La dernière version de cette phrase est apparue vers 1740, dans une des années que dura la longue agonie de Swift, et qui peut-être ne furent pour lui qu'un seul insupportable instant, une forme de l'éternité de l'enfer. (...) Tous les jours il suppliait Dieu de lui envoyer la mort. Et un après- midi, vieux et fou, et déjà moribond, on l'entendit répéter, avec résignation ou avec désespoir, nous ne savons, ou comme quelqu'un qui s'affermit et s'ancre dans son intime essence invulnérable: Je suis ce que je suis, je suis ce que je suis.
Je suis peut- être un malheur, mais je suis: voilà sans doute ce qu'éprouva Swift, et aussi: Je suis une partie de l'univers, aussi inévitable et nécessaire que les autres, et aussi : Je suis ce que Dieu veut que je sois, je suis ce que m'ont fait les lois universelles, et peut- être: Être, c'est être tout.

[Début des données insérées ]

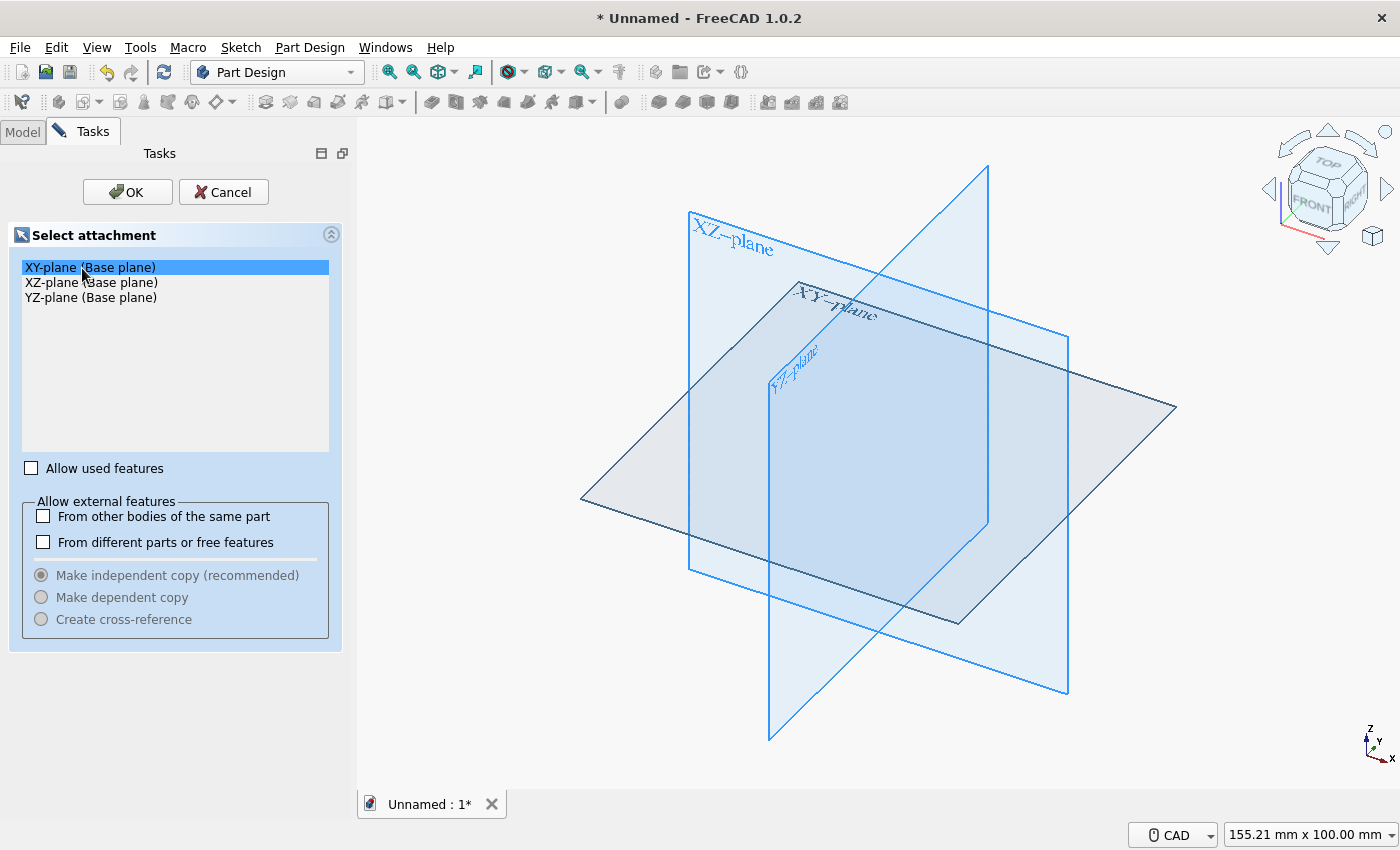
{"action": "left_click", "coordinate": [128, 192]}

(...) qu'il me suffise d'ajouter, en guise d'épilogue, les paroles que Schopenhauer adressa, aux approches de la mort, à Eduard Grisebach : " Si parfois je me suis cru malheureux, c'est sous l'influence d'une confusion, d'une erreur. Je me suis pris pour un autre, par exemple pour un suppléant qui n'arrive pas à se faire titulariser, pour l'accusé dans un procès en diffamation, pour l'amoureux que cette jeune fille dédaigne, pour le malade qui ne peut sortir de chez lui, pour d'autres personnes souffrant de pareilles misères. Je n'ai pas été ces personnes. Elles ont été, tout au plus, le tissu de plusieurs vêtements que j'ai portés, puis rejetés. Qui suis- je réellement ? Je suis l'auteur de Le Monde comme volonté et représentation; je suis celui qui a donné à l'énigme de l'Être une réponse qui occupera les penseurs des siècles futurs. Voilà l'homme que je suis; qui pourrait le contester dans les années qui me restent encore à vivre ?" Or, précisément pour avoir écrit Le Monde comme volonté et représentation, Schopenhauer savait très bien qu'être un penseur est aussi illusoire que d'être un malade ou un amant dédaigné, et que, profondément, il était autre chose. Autre chose: la volonté, l'obscure racine de Parolles, la chose qu'était Swift.